===== Supplied records =====

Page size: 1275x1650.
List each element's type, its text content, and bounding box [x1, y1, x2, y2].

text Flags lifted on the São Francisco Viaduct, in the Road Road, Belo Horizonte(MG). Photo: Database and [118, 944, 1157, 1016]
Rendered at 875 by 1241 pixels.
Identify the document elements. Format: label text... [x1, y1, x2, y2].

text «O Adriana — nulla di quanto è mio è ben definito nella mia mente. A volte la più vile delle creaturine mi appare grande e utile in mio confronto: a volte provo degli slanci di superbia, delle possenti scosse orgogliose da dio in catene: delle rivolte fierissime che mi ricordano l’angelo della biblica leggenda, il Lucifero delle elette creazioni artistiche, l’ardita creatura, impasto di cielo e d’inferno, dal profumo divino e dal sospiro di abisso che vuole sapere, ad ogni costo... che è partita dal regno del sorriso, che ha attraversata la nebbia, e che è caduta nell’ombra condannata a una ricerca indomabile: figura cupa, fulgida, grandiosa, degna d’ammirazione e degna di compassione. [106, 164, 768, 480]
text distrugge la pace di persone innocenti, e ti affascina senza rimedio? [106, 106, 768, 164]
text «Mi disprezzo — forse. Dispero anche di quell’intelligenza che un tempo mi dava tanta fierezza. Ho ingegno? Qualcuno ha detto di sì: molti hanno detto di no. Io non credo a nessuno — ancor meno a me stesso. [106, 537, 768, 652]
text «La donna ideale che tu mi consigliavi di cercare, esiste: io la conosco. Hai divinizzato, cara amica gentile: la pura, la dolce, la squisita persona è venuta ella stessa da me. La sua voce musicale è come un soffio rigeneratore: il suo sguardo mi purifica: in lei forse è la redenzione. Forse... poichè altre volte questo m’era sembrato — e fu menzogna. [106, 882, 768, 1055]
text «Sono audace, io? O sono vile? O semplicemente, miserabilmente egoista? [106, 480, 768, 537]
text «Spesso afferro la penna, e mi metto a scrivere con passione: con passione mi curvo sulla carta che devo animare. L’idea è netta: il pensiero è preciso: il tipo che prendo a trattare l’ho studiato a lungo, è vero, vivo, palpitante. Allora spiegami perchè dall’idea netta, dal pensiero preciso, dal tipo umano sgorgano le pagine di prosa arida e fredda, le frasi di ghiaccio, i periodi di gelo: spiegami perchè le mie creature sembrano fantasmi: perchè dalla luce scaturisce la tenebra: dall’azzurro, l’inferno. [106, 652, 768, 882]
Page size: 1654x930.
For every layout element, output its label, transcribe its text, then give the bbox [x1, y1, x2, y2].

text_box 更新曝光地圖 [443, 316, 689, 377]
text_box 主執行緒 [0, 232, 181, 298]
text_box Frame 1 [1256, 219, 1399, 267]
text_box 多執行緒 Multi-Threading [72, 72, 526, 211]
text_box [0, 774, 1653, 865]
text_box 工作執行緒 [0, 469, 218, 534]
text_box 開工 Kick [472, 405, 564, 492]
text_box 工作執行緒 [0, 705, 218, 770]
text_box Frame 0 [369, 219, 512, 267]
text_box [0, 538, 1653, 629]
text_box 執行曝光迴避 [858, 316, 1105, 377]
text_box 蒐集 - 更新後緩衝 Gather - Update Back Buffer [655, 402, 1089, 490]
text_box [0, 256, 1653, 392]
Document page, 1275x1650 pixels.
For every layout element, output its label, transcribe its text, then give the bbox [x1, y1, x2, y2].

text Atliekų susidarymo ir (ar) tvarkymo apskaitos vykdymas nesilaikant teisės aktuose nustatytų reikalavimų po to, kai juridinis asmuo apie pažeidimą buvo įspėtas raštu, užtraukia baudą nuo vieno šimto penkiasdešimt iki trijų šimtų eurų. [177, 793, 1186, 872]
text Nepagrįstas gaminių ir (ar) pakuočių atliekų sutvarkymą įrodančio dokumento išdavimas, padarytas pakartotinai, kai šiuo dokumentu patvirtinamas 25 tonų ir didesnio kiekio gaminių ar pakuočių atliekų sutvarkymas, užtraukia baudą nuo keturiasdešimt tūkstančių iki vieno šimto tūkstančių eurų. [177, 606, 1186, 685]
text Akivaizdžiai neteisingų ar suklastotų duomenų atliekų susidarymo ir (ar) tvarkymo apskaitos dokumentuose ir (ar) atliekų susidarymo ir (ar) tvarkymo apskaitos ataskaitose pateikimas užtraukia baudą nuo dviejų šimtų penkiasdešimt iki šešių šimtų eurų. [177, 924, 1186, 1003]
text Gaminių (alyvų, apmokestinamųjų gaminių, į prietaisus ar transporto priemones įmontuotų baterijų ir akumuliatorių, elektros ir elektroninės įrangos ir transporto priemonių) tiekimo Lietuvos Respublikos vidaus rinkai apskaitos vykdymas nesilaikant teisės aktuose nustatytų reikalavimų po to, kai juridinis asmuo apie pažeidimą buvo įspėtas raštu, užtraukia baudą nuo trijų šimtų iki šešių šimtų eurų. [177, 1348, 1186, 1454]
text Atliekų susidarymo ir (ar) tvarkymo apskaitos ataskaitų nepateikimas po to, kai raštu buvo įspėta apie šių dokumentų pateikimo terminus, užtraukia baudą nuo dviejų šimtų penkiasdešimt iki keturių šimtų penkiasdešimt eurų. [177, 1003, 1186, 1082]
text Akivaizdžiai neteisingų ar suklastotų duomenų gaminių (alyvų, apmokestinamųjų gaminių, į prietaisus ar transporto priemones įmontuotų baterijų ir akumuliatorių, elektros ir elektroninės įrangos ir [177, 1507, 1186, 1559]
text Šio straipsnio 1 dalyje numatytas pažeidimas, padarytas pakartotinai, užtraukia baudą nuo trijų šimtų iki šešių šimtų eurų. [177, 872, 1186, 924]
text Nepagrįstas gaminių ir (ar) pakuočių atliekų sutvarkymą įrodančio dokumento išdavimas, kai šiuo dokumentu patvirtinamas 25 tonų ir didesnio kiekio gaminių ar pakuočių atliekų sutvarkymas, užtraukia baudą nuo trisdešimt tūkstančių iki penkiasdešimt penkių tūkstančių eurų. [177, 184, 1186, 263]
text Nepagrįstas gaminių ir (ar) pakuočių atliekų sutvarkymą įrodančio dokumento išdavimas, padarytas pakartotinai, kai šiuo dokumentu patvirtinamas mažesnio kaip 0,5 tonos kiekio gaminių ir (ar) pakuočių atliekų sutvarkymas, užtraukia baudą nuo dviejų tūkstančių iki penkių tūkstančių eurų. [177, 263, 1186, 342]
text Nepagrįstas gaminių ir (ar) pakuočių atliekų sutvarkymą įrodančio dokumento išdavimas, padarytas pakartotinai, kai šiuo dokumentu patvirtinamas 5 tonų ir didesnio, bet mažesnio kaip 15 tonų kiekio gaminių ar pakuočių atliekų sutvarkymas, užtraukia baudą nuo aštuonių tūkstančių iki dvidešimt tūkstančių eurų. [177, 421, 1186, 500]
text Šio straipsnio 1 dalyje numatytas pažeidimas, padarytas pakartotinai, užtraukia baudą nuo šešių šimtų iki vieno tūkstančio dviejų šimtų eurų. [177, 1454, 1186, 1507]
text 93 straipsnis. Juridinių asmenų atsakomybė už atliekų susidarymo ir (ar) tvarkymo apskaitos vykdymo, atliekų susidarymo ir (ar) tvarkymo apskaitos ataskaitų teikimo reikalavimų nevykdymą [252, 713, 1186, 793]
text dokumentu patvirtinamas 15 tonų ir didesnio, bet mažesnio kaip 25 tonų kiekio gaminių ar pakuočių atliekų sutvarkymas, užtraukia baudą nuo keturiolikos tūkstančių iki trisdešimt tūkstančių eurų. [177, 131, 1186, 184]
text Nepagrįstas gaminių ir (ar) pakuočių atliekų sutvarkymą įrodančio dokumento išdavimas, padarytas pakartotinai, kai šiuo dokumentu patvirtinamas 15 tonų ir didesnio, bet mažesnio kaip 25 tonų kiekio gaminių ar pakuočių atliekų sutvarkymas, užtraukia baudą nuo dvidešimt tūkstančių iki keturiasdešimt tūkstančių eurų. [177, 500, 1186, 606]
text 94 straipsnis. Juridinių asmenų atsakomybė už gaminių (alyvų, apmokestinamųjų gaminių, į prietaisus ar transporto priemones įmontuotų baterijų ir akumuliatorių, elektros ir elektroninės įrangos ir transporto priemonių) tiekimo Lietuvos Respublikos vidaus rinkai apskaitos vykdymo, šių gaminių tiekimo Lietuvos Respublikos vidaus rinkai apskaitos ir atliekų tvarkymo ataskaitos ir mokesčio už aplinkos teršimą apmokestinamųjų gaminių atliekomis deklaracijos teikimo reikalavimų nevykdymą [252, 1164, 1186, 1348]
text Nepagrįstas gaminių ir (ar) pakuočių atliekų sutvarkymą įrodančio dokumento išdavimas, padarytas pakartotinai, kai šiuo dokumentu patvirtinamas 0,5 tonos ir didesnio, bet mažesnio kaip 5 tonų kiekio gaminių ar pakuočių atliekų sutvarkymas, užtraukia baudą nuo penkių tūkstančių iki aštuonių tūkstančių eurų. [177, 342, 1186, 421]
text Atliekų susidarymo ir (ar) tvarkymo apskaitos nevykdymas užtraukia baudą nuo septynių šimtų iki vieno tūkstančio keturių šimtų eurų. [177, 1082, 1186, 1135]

=====

• What to do: Report every line of the entries that carries the word "neteisingų".

• Answer below:
text Akivaizdžiai neteisingų ar suklastotų duomenų atliekų susidarymo ir (ar) tvarkymo apskaitos dokumentuose ir (ar) atliekų susidarymo ir (ar) tvarkymo apskaitos ataskaitose pateikimas užtraukia baudą nuo dviejų šimtų penkiasdešimt iki šešių šimtų eurų. [177, 924, 1186, 1003]
text Akivaizdžiai neteisingų ar suklastotų duomenų gaminių (alyvų, apmokestinamųjų gaminių, į prietaisus ar transporto priemones įmontuotų baterijų ir akumuliatorių, elektros ir elektroninės įrangos ir [177, 1507, 1186, 1559]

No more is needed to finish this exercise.